I have a screenshot of the solution for a $\log$ equation below, but I don't understand how the exponent of $2$ got turned into $\dfrac12$. I thought it's supposed to stay a $2$ when you transfer it to the front of the $\log$?
$$\begin{align} \sqrt{x}&=2^{\log_4(x)}&&\log_4(x)=\log_{2^2}(x)\\ &=2^{\log_{2^2}(x)}&&\log_{2^2}(x)=\frac12\log_{2}(x)\\ &=2^{\frac12\log_{2}(x)}\\ &=\sqrt{2^{\log_{2}(x)}}&&a^{\log_a(b)}=b\\ &=\sqrt{x} \end{align}$$
$\log_a(b)$ is by definition the unique number $p$ such that $a^p = b$.
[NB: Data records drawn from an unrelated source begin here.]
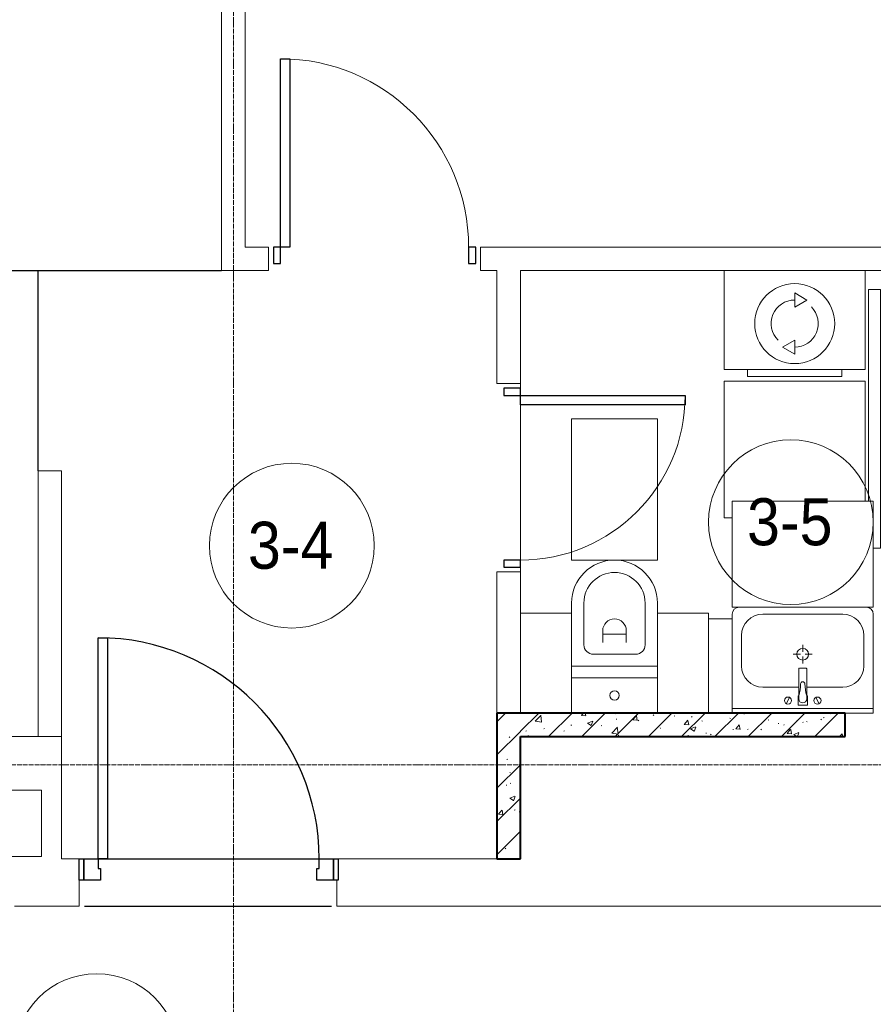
# Model space of a CAD drawing. Header units: millimetres. Extents: x 5617 to 106797, y 7718 to 221433.
# Tile 23 of 50: x 41944 to 45572, y 69782 to 73966. Entities that reach past the tile are written whole.
import ezdxf

# ---------------------------------------------------------------- set-up
doc = ezdxf.new("R2010")
doc.units = ezdxf.units.MM
doc.linetypes.add('ADSK_Линия сетки', pattern=[25, 20, -2.5, 0, -2.5])
doc.linetypes.add('Линия сетки', pattern=[25, 20, -2.5, 0, -2.5])
for name, color, linetype, lineweight in [('Двери', 7, 'Continuous', 18), ('Каркас_Импост', 7, 'Continuous', 30), ('Марки помещений', 7, 'Continuous', 20), ('Мебель', 7, 'Continuous', 18), ('Монтажный зазор', 7, 'Continuous', 30), ('Оси', 7, 'Continuous', 9), ('Панель', 7, 'Continuous', 30), ('Перекрытия', 7, 'Continuous', 18), ('Сантехнические приборы', 7, 'Continuous', 18), ('Стены', 7, 'Continuous', 18), ('Стены разрез', 7, 'Continuous', 40), ('Электрооборудование', 7, 'Continuous', 18)]:
    doc.layers.add(name, color=color, linetype=linetype, lineweight=lineweight)
doc.layers.add('Линии', color=7, linetype='Continuous', lineweight=9, true_color=0x00a600)
doc.styles.add('Arial_3', font='arial.ttf', dxfattribs={"width": 0.9, "height": 200})
pattern_1 = [(50, (0, 0), (218.62117, -19.1268), [22.86, -251.46]), (355, (0, 0), (-42.29187, 229.2684), [18.288, -201.168]), (100.451, (18.22, -1.6), (176.33107, 210.13963), [19.428, -213.708]), (46.184, (0, 60.96), (325.29495, -50.45164), [34.29, -377.19]), (96.636, (27.1, 56.76), (284.883, 296.91266), [29.142, -320.562]), (351.184, (0, 60.96), (284.8858, 296.9107), [27.432, -301.752]), (21, (30.48, 45.72), (181.93753, -122.71832), [22.86, -251.46]), (326, (30.48, 45.72), (74.16223, 221.0262), [18.288, -201.168]), (71.451, (45.64, 35.5), (256.10035, 98.30526), [19.428, -213.708]), (37.5, (0, 0), (3.70639, 101.465895), [3.353, -195.377, 3.353, -200.863, -201.93]), (37.5, (0, 0), (3.70639, 101.465895), [-402.946, 3.353, -198.577]), (7.5, (0, 0), (80.18358, 120.21653), [3.353, -113.081, 3.353, -190.805, -76.962]), (7.5, (0, 0), (80.18358, 120.21653), [-310.591, 3.353, -73.609]), (327.5, (-67.97, 0), (162.708646, -6.87497), [3.353, -72.847, 3.353, -234.391, -315.468]), (327.5, (-67.97, 0), (162.708646, -6.87497), [-313.944, 3.353, -312.115]), (317.5, (-98.45, 0), (177.75468, 30.51183), [3.353, -95.707, 3.353, -154.534, -224.028]), (317.5, (-98.45, 0), (177.75468, 30.51183), [-256.946, 3.353, -220.675])]
pattern_2 = [(45, (0, 0), (-70.71068, 70.71068), [])]

# ---------------------------------------------------------------- blocks, each defined once
blk = doc.blocks.new('MR_Зона обслуживания - MR_Зона обслуживания-2637390-МКСС_K3_L22__72_750_')
at = {"layer": 'Мебель', "color": 254, "lineweight": 9, "true_color": 0xcccccc}
for p, q in [((182.5, 0), (-182.5, 0)), ((-182.5, 0), (-182.5, -600)), ((182.5, -600), (182.5, 0)), ((-182.5, -600), (182.5, -600))]:
    blk.add_line(p, q, dxfattribs=at)
blk = doc.blocks.new('MR_Зона обслуживания - MR_Зона обслуживания-2637393-МКСС_K3_L22__72_750_')
at = {"layer": 'Мебель', "color": 254, "lineweight": 9, "true_color": 0xcccccc}
for p, q in [((-108.75, 0), (-108.75, -425)), ((108.75, -425), (108.75, 0)), ((-108.75, -425), (108.75, -425))]:
    blk.add_line(p, q, dxfattribs=at)
blk = doc.blocks.new('MR_Зона обслуживания - MR_Зона обслуживания-V1-МКСС_K3_L22__72_750_')
at = {"layer": 'Мебель', "color": 254, "lineweight": 9, "true_color": 0xcccccc}
for p, q in [((108.75, -425), (108.75, 0)), ((-108.75, -400), (-108.75, -425)), ((-108.75, -425), (108.75, -425))]:
    blk.add_line(p, q, dxfattribs=at)
blk = doc.blocks.new('MR_Зона обслуживания - MR_Зона обслуживания-V10-МКСС_K3_L22__72_750_')
at = {"layer": 'Мебель', "color": 254, "lineweight": 9, "true_color": 0xcccccc}
for p, q in [((550, 0), (-550, 0)), ((-550, 0), (-550, -50)), ((550, -30), (550, 0)), ((-550, -50), (350, -50))]:
    blk.add_line(p, q, dxfattribs=at)
blk = doc.blocks.new('MR_Зона обслуживания - MR_Зона обслуживания-2637421-МКСС_K3_L22__72_750_')
at = {"layer": 'Мебель', "color": 254, "lineweight": 9, "true_color": 0xcccccc}
for p, q in [((300, 450), (-300, 450)), ((-300, 450), (-300, 0)), ((300, 0), (300, 450)), ((-300, 0), (300, 0))]:
    blk.add_line(p, q, dxfattribs=at)
blk = doc.blocks.new('MR_Зона обслуживания - MR_Зона обслуживания-V11-МКСС_K3_L22__72_750_')
at = {"layer": 'Мебель', "color": 254, "lineweight": 9, "true_color": 0xcccccc}
for p, q in [((50, 400), (-50, 400)), ((-50, 400), (-50, 0)), ((50, 0), (50, 400))]:
    blk.add_line(p, q, dxfattribs=at)
blk = doc.blocks.new('MR_Зона обслуживания - MR_Зона обслуживания-2637433-МКСС_K3_L22__72_750_')
at = {"layer": 'Мебель', "color": 254, "lineweight": 9, "true_color": 0xcccccc}
for p, q in [((300, 580), (265.9, 580)), ((300, 0), (300, 580)), ((-300, 510), (-300, 0)), ((-300, 0), (300, 0))]:
    blk.add_line(p, q, dxfattribs=at)
blk = doc.blocks.new('A_DOR_Door - Вн_3_Одинарная_900x2100-2785946-МКСС_K3_L22__72_750_')
at = {"layer": 'Двери', "color": 254, "lineweight": 30, "true_color": 0xcccccc}
for p, q in [((-400, 50), (-400, 850)), ((-400, 850), (-360, 850)), ((-400, 50), (-400, 850)), ((-360, 850), (-360, 50)), ((-430, 50), (-430, -20)), ((-400, 50), (-430, 50)), ((-360, 50), (-400, 50)), ((-400, -20), (-400, 50)), ((430, 50), (400, 50)), ((400, 50), (400, -20)), ((430, -20), (430, 50)), ((-430, -20), (-400, -20)), ((400, -20), (430, -20))]:
    blk.add_line(p, q, dxfattribs=at)
at = {"layer": 'Двери', "color": 254, "lineweight": 9, "true_color": 0xe5e5e5}
blk.add_arc((-400, 50), 800, 360, 90, dxfattribs=at)
blk = doc.blocks.new('A_DOR_Door - Вн_3_Одинарная_800x2100-2783145-МКСС_K3_L22__72_750_')
at = {"layer": 'Двери', "color": 254, "lineweight": 30, "true_color": 0xcccccc}
for p, q in [((-350, 50), (-350, 750)), ((-350, 750), (-310, 750)), ((-350, 50), (-350, 750)), ((-310, 750), (-310, 50)), ((-380, 50), (-380, -20)), ((-350, 50), (-380, 50)), ((-310, 50), (-350, 50)), ((-350, -20), (-350, 50)), ((380, 50), (350, 50)), ((350, 50), (350, -20)), ((380, -20), (380, 50)), ((-380, -20), (-350, -20)), ((350, -20), (380, -20))]:
    blk.add_line(p, q, dxfattribs=at)
at = {"layer": 'Двери', "color": 254, "lineweight": 9, "true_color": 0xe5e5e5}
blk.add_arc((-350, 50), 700, 360, 90, dxfattribs=at)
blk = doc.blocks.new('101_Дверь_Однопольная - _НЧ_Мет_900х2100_Квартира_Пр-3472144-МКСС_K3_L22__72_750_')
at = {"layer": 'Двери', "color": 7, "lineweight": 30, "true_color": 0xffffff}
for p, q in [((-527.7, 100), (522.3, 100)), ((-527.7, -100), (522.3, -100))]:
    blk.add_line(p, q, dxfattribs=at)
at = {"layer": 'Каркас_Импост', "color": 254, "true_color": 0xcccccc}
for p, q in [((-530, 100), (-470, 100)), ((-530, 10), (-530, 100)), ((-470, 100), (-470, 60)), ((470, 100), (530, 100)), ((470, 60), (470, 100)), ((530, 100), (530, 10)), ((-470, 60), (-460, 60)), ((-460, 60), (-460, 10)), ((460, 60), (470, 60)), ((460, 10), (460, 60)), ((-460, 10), (-530, 10)), ((530, 10), (460, 10))]:
    blk.add_line(p, q, dxfattribs=at)
at = {"layer": 'Монтажный зазор', "color": 254, "true_color": 0xcccccc}
for p, q in [((-550, 100), (-530, 100)), ((-550, 10), (-550, 100)), ((-530, 100), (-530, 10)), ((530, 10), (530, 100)), ((530, 100), (550, 100)), ((550, 100), (550, 10)), ((-530, 10), (-550, 10)), ((550, 10), (530, 10))]:
    blk.add_line(p, q, dxfattribs=at)
at = {"layer": 'Панель', "color": 254, "true_color": 0xcccccc}
for p, q in [((-470, 1040), (-430, 1040)), ((-470, 100), (-470, 1040)), ((-430, 1040), (-430, 100)), ((-430, 100), (-470, 100))]:
    blk.add_line(p, q, dxfattribs=at)
blk.add_arc((-470, 100), 940, 0, 90, dxfattribs=at)
blk = doc.blocks.new('MR_Унитаз напольный - Санузел с ванной-2507020-МКСС_K3_L22__72_750_')
at = {"layer": 'Сантехнические приборы', "color": 253, "true_color": 0xaaaaaa}
for p, q in [((-182.5, 200), (-182.5, 50)), ((182.5, 200), (-182.5, 200)), ((182.5, 50), (182.5, 200)), ((-182.5, 50), (182.5, 50)), ((182.5, 50), (-182.5, 50)), ((-182.5, 50), (-182.5, 0)), ((182.5, 0), (182.5, 50)), ((-182.5, 0), (182.5, 0)), ((182.5, 0), (-182.5, 0)), ((-182.5, 0), (-182.5, -267.5)), ((182.5, -267.5), (182.5, 0)), ((-90, -50), (90, -50)), ((-130, -267.5), (-130, -90)), ((-50, -150), (-50, -100)), ((50, -100), (50, -150)), ((130, -90), (130, -267.5)), ((-50, -135), (50, -135))]:
    blk.add_line(p, q, dxfattribs=at)
for centre, radius, start, end in [((0, 125), 20, 0, 180), ((0, 125), 20, 180, 0), ((-90, -90), 40, 90, 180), ((90, -90), 40, 360, 90), ((0, -150), 50, 180, 0), ((0, -267.5), 182.5, 180, 360), ((0, -267.5), 130, 180, 0)]:
    blk.add_arc(centre, radius, start, end, dxfattribs=at)
blk = doc.blocks.new('MR_Тумба-Умывальник с зеркалом - Тумба-умывальник_600-2637418-МКСС_K3_L22__72_750_')
at = {"layer": 'Сантехнические приборы', "color": 253, "true_color": 0xaaaaaa}
for p, q in [((-300, 0), (-300, 420)), ((-270, 450), (270, 450)), ((-170, 420), (170, 420)), ((300, 420), (300, 0)), ((-260, 200), (-260, 330)), ((260, 330), (260, 200)), ((0, 290), (0, 260)), ((-10, 250), (-40, 250)), ((0, 210), (0, 240)), ((40, 250), (10, 250)), ((-17, 73.1), (-17, 187.9)), ((-14, 190.9), (14, 190.9)), ((17, 187.9), (17, 73.1)), ((-17, 110), (-170, 110)), ((170, 110), (17, 110)), ((-69.7, 39.8), (-55.6, 66.3)), ((-20, 73.1), (-17, 73.1)), ((-20, 33.1), (-20, 73.1)), ((-17, 60), (-17, 73.1)), ((17, 73.1), (17, 60)), ((17, 73.1), (20, 73.1)), ((20, 73.1), (20, 33.1)), ((69.7, 39.8), (55.6, 66.3)), ((-300, 20), (300, 20)), ((300, 0), (-300, 0)), ((20, 33.1), (-20, 33.1))]:
    blk.add_line(p, q, dxfattribs=at)
for centre, radius, start, end in [((-270, 420), 30, 90, 180), ((-170, 330), 90, 90, 180), ((170, 330), 90, 0, 90), ((270, 420), 30, 0, 90), ((0, 250), 25, 360, 180), ((0, 250), 25, 180, 360), ((-170, 200), 90, 180, 270), ((-14, 187.9), 3, 90, 180), ((-14, 187.9), 3, 105, 165), ((14, 187.9), 3, 0, 90), ((14, 187.9), 3, 15, 75), ((170, 200), 90, 270, 0), ((0, 124.1), 9.19, 0, 180), ((-217.6, 129.9), 208.5, 344.1823, 358.4054), ((217.6, 129.9), 208.5, 181.5946, 195.8177), ((-62.7, 53.1), 15, 0, 180), ((-62.7, 53.1), 15, 180, 0), ((0, 60), 17, 180, 0), ((62.7, 53.1), 15, 0, 180), ((62.7, 53.1), 15, 180, 0)]:
    blk.add_arc(centre, radius, start, end, dxfattribs=at)
blk = doc.blocks.new('MR_Стиральная машина - Стиральная машина_450-2637432-МКСС_K3_L22__72_750_')
at = {"layer": 'Электрооборудование', "color": 253, "true_color": 0xaaaaaa}
for p, q in [((-300, 420), (300, 420)), ((-300, 0), (-300, 420)), ((-200, 450), (200, 450)), ((-200, 420), (-200, 450)), ((200, 450), (200, 420)), ((300, 420), (300, 0)), ((0, 355), (52, 325)), ((0, 295), (0, 355)), ((52, 325), (0, 295)), ((-52, 125), (0, 155)), ((0, 155), (0, 95)), ((0, 95), (-52, 125)), ((300, 0), (-300, 0))]:
    blk.add_line(p, q, dxfattribs=at)
for radius, start, end in [(170, 0, 180), (100, 90, 225), (100, 270, 45), (170, 180, 0)]:
    blk.add_arc((0, 225), radius, start, end, dxfattribs=at)
blk = doc.blocks.new('135_SLK_K3_AR_rvt-1-МКСС_K3_L22__72_750_')
at = {"layer": 'Стены разрез', "lineweight": 9, "true_color": 0xcccccc}
h = blk.add_hatch(dxfattribs=at)
h.set_pattern_fill('FP_1', color=254, style=0, pattern_type=2)
h.set_pattern_definition(pattern_1)
h.paths.add_polyline_path([(91170, 70400), (91170, 71020), (91070, 71020), (91070, 70400)])
h = blk.add_hatch(dxfattribs=at)
h.set_pattern_fill('FP_2', color=254, style=0, pattern_type=2)
h.set_pattern_definition(pattern_2)
h.paths.add_polyline_path([(91170, 70400), (91170, 71020), (91070, 71020), (91070, 70400)])
h = blk.add_hatch(dxfattribs=at)
h.set_pattern_fill('FP_1', color=254, style=0, pattern_type=2)
h.set_pattern_definition(pattern_1)
h.paths.add_polyline_path([(92050, 70920), (92550, 70920), (92550, 71020), (91170, 71020), (91170.8, 70920), (92036.4, 70920)])
h = blk.add_hatch(dxfattribs=at)
h.set_pattern_fill('FP_2', color=254, style=0, pattern_type=2)
h.set_pattern_definition(pattern_2)
h.paths.add_polyline_path([(92050, 70920), (92550, 70920), (92550, 71020), (91170, 71020), (91170.8, 70920), (92036.4, 70920)])
at = {"layer": 'Перекрытия', "color": 254, "true_color": 0xcccccc}
for p, q in [((91170, 72400), (91170, 72420)), ((91170, 72420), (91170, 72400)), ((91170, 71670), (91170, 72330)), ((91170, 72330), (91170, 71670)), ((91170, 71620), (91170, 71640)), ((91170, 71640), (91170, 71620)), ((92550, 71020), (92650, 71020)), ((92650, 71020), (92670, 71020)), ((86850, 70920), (89120, 70920)), ((89220, 70920), (89220, 70400)), ((89220, 70400), (89295, 70400)), ((89415, 70400), (90315, 70400)), ((90315, 70400), (89415, 70400)), ((90395, 70400), (91070, 70400)), ((89295, 70310), (89295, 70200)), ((90389.3, 70200), (90389.3, 70310)), ((89295, 70200), (89020, 70200)), ((92752.5, 70200), (90389.3, 70200))]:
    blk.add_line(p, q, dxfattribs=at)
at = {"layer": 'Стены', "color": 254, "true_color": 0xcccccc}
for p, q in [((89900, 73000), (89900, 76997.5)), ((90000, 76997.5), (90000, 73000)), ((89900, 73000), (89900, 72900)), ((90000, 73000), (90100, 73000)), ((90100, 72900), (90100, 73000)), ((91000, 73000), (91070, 73000)), ((91000, 73000), (91000, 72900)), ((91170, 73000), (91070, 73000)), ((91170, 73000), (93450, 73000)), ((86350, 72900.4), (89900, 72900.4)), ((89119.6, 72899.6), (86350, 72899.6)), ((89119.6, 72050), (89119.6, 72899.6)), ((89900, 72899.6), (89120.4, 72899.6)), ((89120.4, 72899.6), (89120.4, 72050)), ((89900, 72899.6), (89900, 72900.4)), ((90100, 72900), (89900, 72900)), ((91070, 72900), (91000, 72900)), ((91070, 72420), (91070, 72900)), ((91170, 72900), (91170, 72420)), ((93450, 72900), (91170, 72900)), ((91070, 72420), (91170, 72420)), ((89119.6, 72050), (89120.4, 72050)), ((89120, 70920), (89120, 72050)), ((89220, 72050), (89120, 72050)), ((89220, 72050), (89220, 70920)), ((91070, 71020), (91070, 71620)), ((91170, 71620), (91070, 71620)), ((91170, 71620), (91170, 71445)), ((89220, 70920), (89120, 70920))]:
    blk.add_line(p, q, dxfattribs=at)
at = {"layer": 'Стены разрез', "color": 254, "true_color": 0xcccccc}
for p, q in [((91070, 71020), (91070, 70400)), ((91170, 71020), (91070, 71020)), ((92550, 71020), (91170, 71020)), ((92550, 70920), (92550, 71020)), ((91170, 70920), (92550, 70920)), ((91170, 70400), (91170, 70920)), ((91070, 70400), (91170, 70400))]:
    blk.add_line(p, q, dxfattribs=at)
at = {"layer": 'Двери', "color": 254, "lineweight": 18, "true_color": 0xe5e5e5}
for name, p in [('A_DOR_Door - Вн_3_Одинарная_900x2100-2785946-МКСС_K3_L22__72_750_', (90550, 72950)), ('101_Дверь_Однопольная - _НЧ_Мет_900х2100_Квартира_Пр-3472144-МКСС_K3_L22__72_750_', (89845, 70300))]:
    blk.add_blockref(name, p, dxfattribs=at)
at = {"layer": 'Двери', "color": 254, "lineweight": 18, "true_color": 0xe5e5e5, "rotation": 270}
blk.add_blockref('A_DOR_Door - Вн_3_Одинарная_800x2100-2783145-МКСС_K3_L22__72_750_', (91120, 72020), dxfattribs=at)
at = {"layer": 'Мебель', "color": 254, "lineweight": 18, "true_color": 0xe5e5e5}
for name, p, rotation in [('MR_Зона обслуживания - MR_Зона обслуживания-V10-МКСС_K3_L22__72_750_', (92700, 72270), 269.9999999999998), ('MR_Зона обслуживания - MR_Зона обслуживания-2637433-МКСС_K3_L22__72_750_', (92335.9, 72430), 180), ('MR_Зона обслуживания - MR_Зона обслуживания-2637390-МКСС_K3_L22__72_750_', (91570, 71670), 180), ('MR_Зона обслуживания - MR_Зона обслуживания-2637393-МКСС_K3_L22__72_750_', (91278.7, 71020), 180), ('MR_Зона обслуживания - MR_Зона обслуживания-V1-МКСС_K3_L22__72_750_', (91861.2, 71020), 180)]:
    blk.add_blockref(name, p, dxfattribs=dict(at, rotation=rotation))
for name, p in [('MR_Зона обслуживания - MR_Зона обслуживания-2637421-МКСС_K3_L22__72_750_', (92370, 71470)), ('MR_Зона обслуживания - MR_Зона обслуживания-V11-МКСС_K3_L22__72_750_', (92020, 71020))]:
    blk.add_blockref(name, p, dxfattribs=at)
at = {"layer": 'Сантехнические приборы', "color": 253, "lineweight": 18, "true_color": 0xaaaaaa, "rotation": 180}
blk.add_blockref('MR_Унитаз напольный - Санузел с ванной-2507020-МКСС_K3_L22__72_750_', (91570, 71220), dxfattribs=at)
at = {"layer": 'Сантехнические приборы', "color": 253, "lineweight": 18, "true_color": 0xaaaaaa}
blk.add_blockref('MR_Тумба-Умывальник с зеркалом - Тумба-умывальник_600-2637418-МКСС_K3_L22__72_750_', (92370, 71020), dxfattribs=at)
at = {"layer": 'Электрооборудование', "color": 253, "lineweight": 18, "true_color": 0xaaaaaa, "rotation": 180}
blk.add_blockref('MR_Стиральная машина - Стиральная машина_450-2637432-МКСС_K3_L22__72_750_', (92335.9, 72900), dxfattribs=at)
blk = doc.blocks.new('050_Марка_Помещение - Номер-620969-МКСС_K3_L22__72_750_')
at = {"layer": 'Марки помещений'}
blk.add_circle((0, 0), 3.5, dxfattribs=at)

msp = doc.modelspace()

# ---------------------------------------------------------------- linework, layer by layer
at = {"layer": 'Линии', "color": 0, "lineweight": 18}
for p, q in [((41437.1, 70692.1), (42036.2, 70692.1)), ((42036.2, 70692.1), (42036.2, 70410)), ((42036.2, 70410), (41437.1, 70410))]:
    msp.add_line(p, q, dxfattribs=at)
at = {"layer": 'Оси', "linetype": 'Линия сетки'}
msp.add_line((42851.8, 56613.5), (42851.8, 77580), dxfattribs=at)
at = {"layer": 'Оси', "linetype": 'ADSK_Линия сетки'}
msp.add_line((73201.8, 70800), (25651, 70800), dxfattribs=at)

# ---------------------------------------------------------------- block references
at = {"lineweight": 5}
msp.add_blockref('135_SLK_K3_AR_rvt-1-МКСС_K3_L22__72_750_', (-47098.2, 0), dxfattribs=at)
at = {"layer": 'Марки помещений', "xscale": 99.99999999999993, "yscale": 99.99999999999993, "zscale": 99.99999999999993}
for p in [(45221.5, 71831.2), (43100.2, 71731.4), (42270.7, 69562.5)]:
    msp.add_blockref('050_Марка_Помещение - Номер-620969-МКСС_K3_L22__72_750_', p, dxfattribs=at)

# ---------------------------------------------------------------- texts
at = {"layer": 'Марки помещений', "lineweight": 9, "char_height": 200, "width": 447.342, "attachment_point": 1, "style": 'Arial_3'}
for s, insert in [('3-5', (45035, 71932.9)), ('3-4', (42913.6, 71833.1))]:
    msp.add_mtext(s, dxfattribs=dict(at, insert=insert))

doc.saveas('drawing.dxf')

So $\log{a^b}(c)$ is by definition the unique number $p$ such that $(a^b)^p = c$. We can write $(a^b)^p = a^{bp}$ by the rules of exponentiation. So $a^{bp} = c$ and so $bp = \log_a(c)$ as the latter is the unique exponent that will give $c$ (for base $a$). But recall that $p = \log_{a^b}(c)$ from the starting definition.
So (with dividing both sides by $b$):
$$b\log_{a^b}(c) = \log_a(c) \implies \log_{a^b}(c) = \frac{1}{b}\log_a(c)$$
Now you can see where the $\frac{1}{b}$ comes from..
OTOH, in the identity $\log_a(c^d) = d\log_a(c)$ we move the $d$ from the exponent in the argument to the front and it stays the same, while in your case above we move the $2$ in the exponent of the base $2^2$ to the front. Quite a different thing.
Let’s say we have a logarithmic equation.
$$\log_b x = y \longleftrightarrow b^y = x$$
Suppose $b$ can be written as an exponent.
$$b = a^c$$
Rewriting the original equation this way, we get:
$$\log_{a^c} x = y \longleftrightarrow(a^c)^y = x$$
$$\implies a^{cy} = x \longleftrightarrow \log_a x = cy$$
$$\implies y = \frac{1}{c}\cdot\log_a x$$
Recall that at the beginning, we said $\log_b x = y$. Therefore, we reach a conclusion.
$$\boxed{\log_{a^c} x = \frac{1}{c}\cdot\log_a x}$$
You confused this with the following identity, which is a different thing altogether.
$$\log_b x^a = a\cdot\log_b x$$